Tinha 45 anos, um marido e três filhos. A conta para uma casa cheia de homens. Não queria esperar mais tempo. Nem ter “uma criança muito crescida”. O desejo perseguia-a há anos: sempre quisera “uma menina”. Estava na hora. Os filhos propuseram, o marido concordou, a papelada seguiu e os telefonemas trocaram-se. O último levou Ana Pio até um refúgio em Faro onde estavam “institucionalizadas duas crianças de cor”, há quatro anos à espera de uma família.
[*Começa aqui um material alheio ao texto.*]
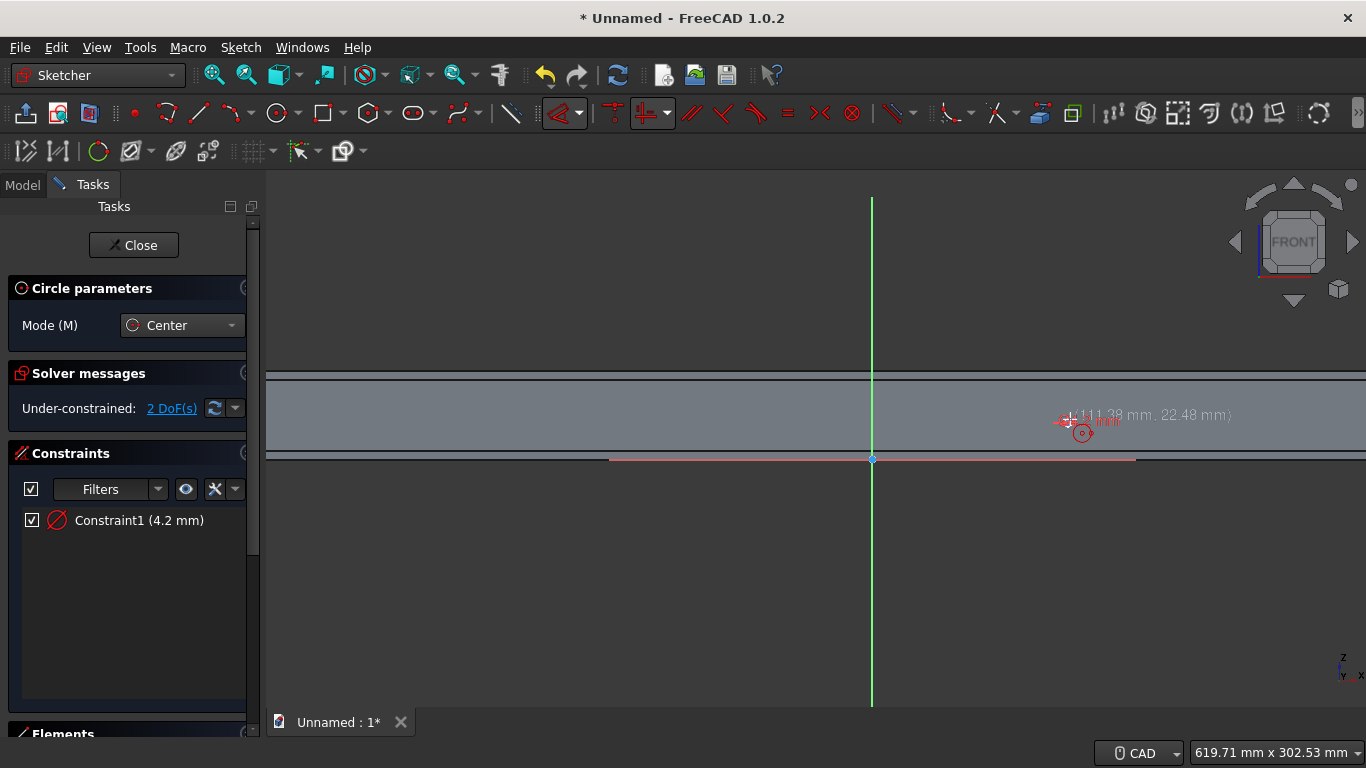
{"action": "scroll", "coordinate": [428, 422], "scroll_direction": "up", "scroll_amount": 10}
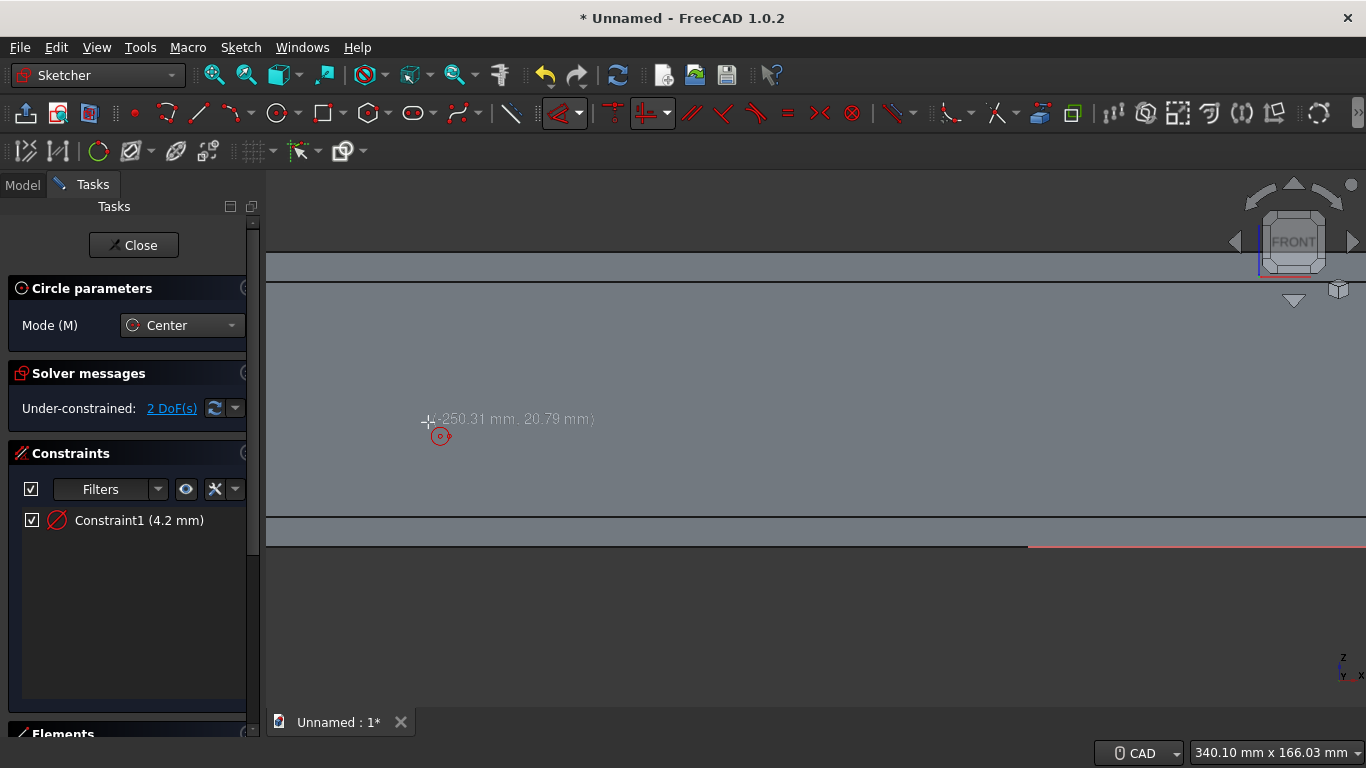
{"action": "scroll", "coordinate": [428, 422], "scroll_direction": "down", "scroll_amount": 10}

Foi, falou, “apressou o processo” e, um mês depois, estava a voltar para Ourém com Nelson, de quatro anos, e Diana, com seis. “Não tem muito corpo nem é robusta, mas tem um sprint que ninguém a consegue apanhar”, descreve-nos, com a minúcia de quem mais parece ter na análise de jogadoras a profissão diária.
Sintoma de uma “mãe babada” com as façanhas da filha que tornou sua. Ana Pio é médica, tem hoje 58 anos e coordena a Unidade de Cuidados de Saúde de Ourém. “Todo o concelho está debaixo da minha alçada”, brinca, com o à vontade de quem mistura um “fixe” ou um “iá” pelo meio da conversa com o jornalista. O mesmo que tem ao falar de Diana, a menina que, em 2001, aterrou numa “casa de desportistas” — os três filhos biológicos de Ana jogavam hóquei em patins. “Um deles até foi para o Benfica”, revela, para sublinhar o facto de Diana ter ido “por arrasto” na corrente. Na tal maré que lhe deu uma bola. “Foi através de uma amiga que a Diana começou a ir aos treinos do Ouriense. Tinha aí uns 12 anos na altura”, conta, sem deixar que o sorriso lhe fuja da cara, no interior do seu consultório em Gondmaria, a poucos quilómetros de Ourém.
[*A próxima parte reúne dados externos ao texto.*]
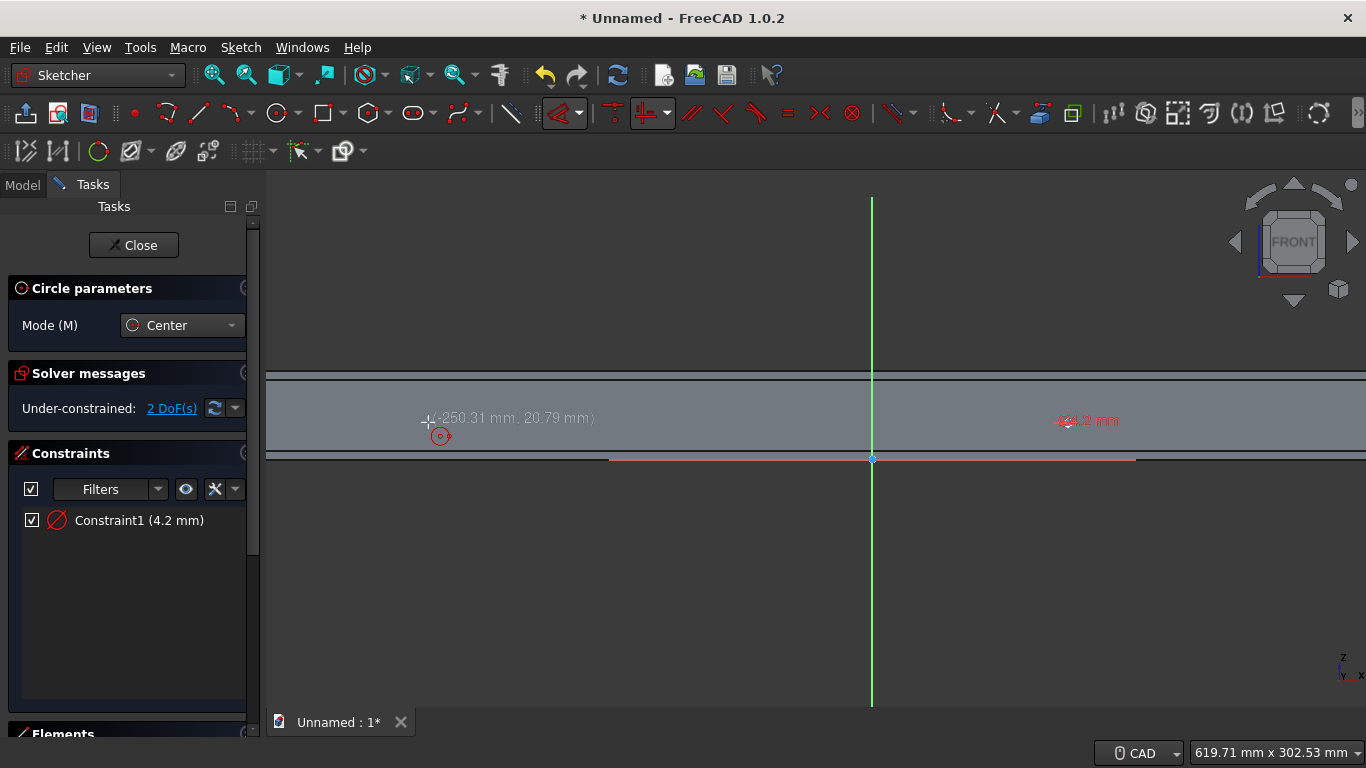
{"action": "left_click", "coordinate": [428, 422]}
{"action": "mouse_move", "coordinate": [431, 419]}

Na altura aterrou nos iniciados. E, tal como nos recreios da escola, começou a lutar com os rapazes pela atenção da bola. Meses depois já estava nas seniores, entre as graúdas, feita “miúda a correr com mulheres de 20 e tal”, retrata Ana. Hoje vai com 19 anos, é avançada, bicampeã nacional pelo Clube Atlético Ouriense e já perdeu a conta às vezes que a seleção de futebol feminino a chamou. “Acho-a uma excelente jogadora, oiço isto também da boca de outros. Joga com bola e sem bola, é muito inteligente e tem boa visão de jogo. Consegue meter a bola no sítio correto”, descreve a “mãe do coração”. Sente-se “realizada” e “orgulhosa” com o que Diana já alcançou com uma bola nos pés. E não poupa palavras para o garantir. Mas também pouco faz para evitar uma confissão: “Embora o meu marido e filhos achassem muita graça, eu ao início não achava piada nenhuma ao facto de ela ser maria-rapaz.”
Culpa de Diana e do futebol, parceiros numa relação que fez Ana Pio reparar cedo no que aí vinha. “Na primária já jogava às vezes no intervalo, lá com os rapazes”, recorda a jogadora, ao falar dos tempos em que o irmão mais novo acabaria por ir bater à porta do Ouriense, a equipa ali da terra. “Como eu gostava de ir também, perguntei aos meus pais se podia. Eles não acharam muita piada, mas disseram que sim”, confirma quem hoje é responsável por recambiar para a baliza as bolas que lhe chegam aos pés ou à cabeça. É sempre por lá que anda, perto da grande área, a correr e a pedir a bola, no treino noturno que o Observador foi espreitar a Ourém. A conversa, essa, só viria depois, por telefone. Maldita pressa. E distância, pois assim que a cerca de hora e meia de prática terminou, Diana já tinha outra correria à sua espera — daí a pouco mais de 30 minutos arrancaria da estação, às 23h30, um comboio com destino posto em Coimbra.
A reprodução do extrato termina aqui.